Google, “Dremel: Interactive Analysis of Web-Scale Datasets,” VLDB, 2010. [PDF]
Dremel is Google’s interactive ad hoc query system for analysis of read-only nested data. Unlike MapReduce, Dremel is aimed toward data exploration, monitoring, and debugging, where near real-time performance is of utmost importance. To achieve scalability and performance, Dremel builds upon three key ideas:
- It uses a column-striped storage representation on top of GFS, which enables it to store nested data in a compressed but easily searchable form and to read much less amount of data from secondary storage. Dremel uses Finite State Machines (FSMs) to quickly assemble data from its compact representation. The paper shows that this columnar representation reduces completion times even for regular MapReduce jobs by an order of magnitude.

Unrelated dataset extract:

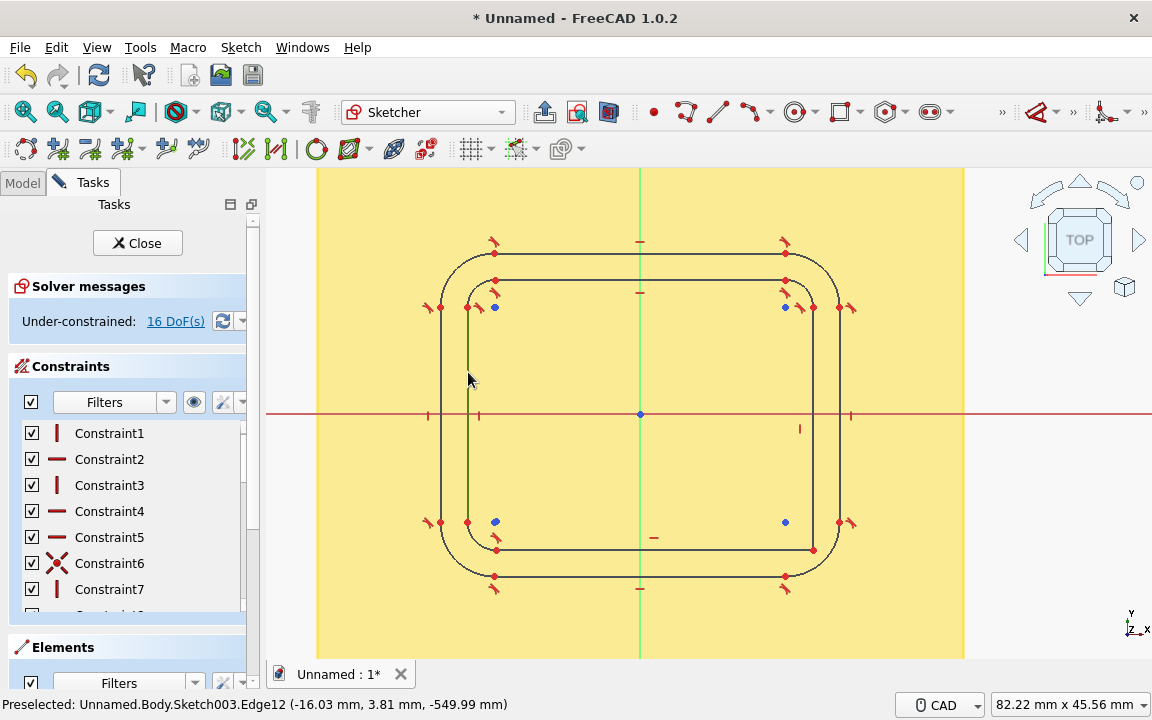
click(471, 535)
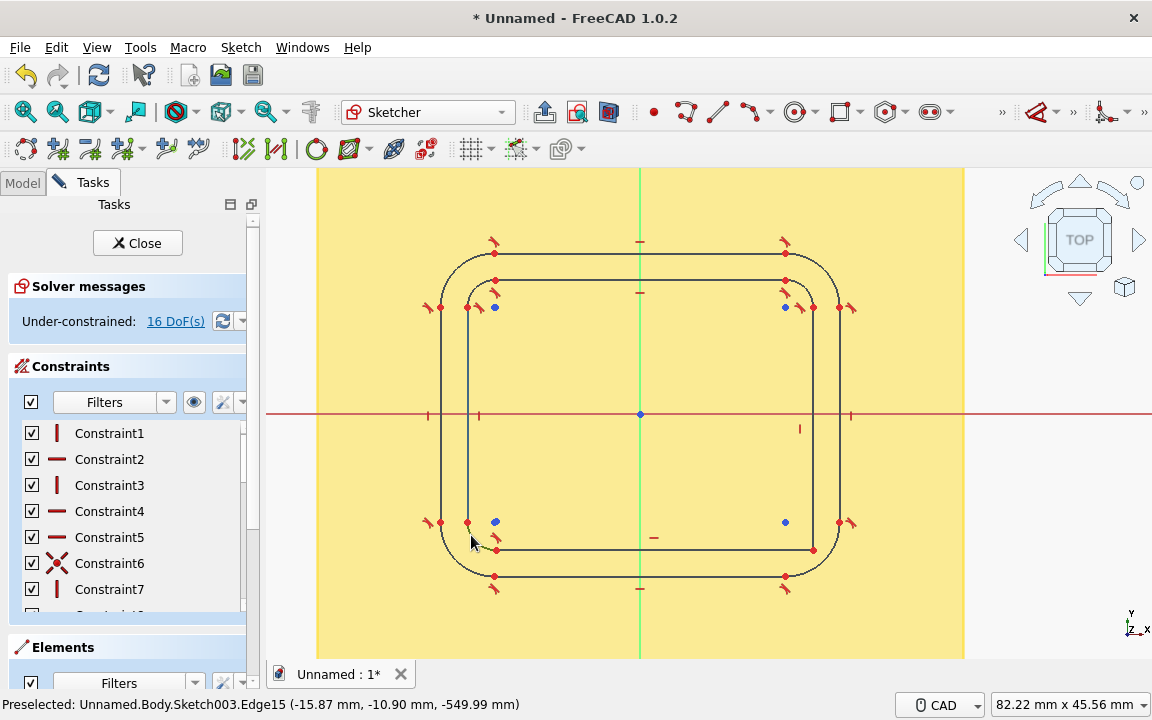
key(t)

- It utilizes the serving tree architecture to rewrite queries during work distribution and to use aggregation at multiple levels. This minimizes data movement and speeds up query results. This optimization roughly accounts for another order of magnitude speedup over MapReduce.
- It provides a high-level (limited) SQL-like query language that translates to native execution as opposed to getting translated to a sequence of MapReduce jobs.
Dremel is fast, but I wonder how much faster it can go if it allowed caching of intermediate results that can be used in subsequent queries; this should more impact for data exploration workloads. The paper is very terse (may be due to VLDB page limit), and I found it hard to read even though none of the concepts were that complicated.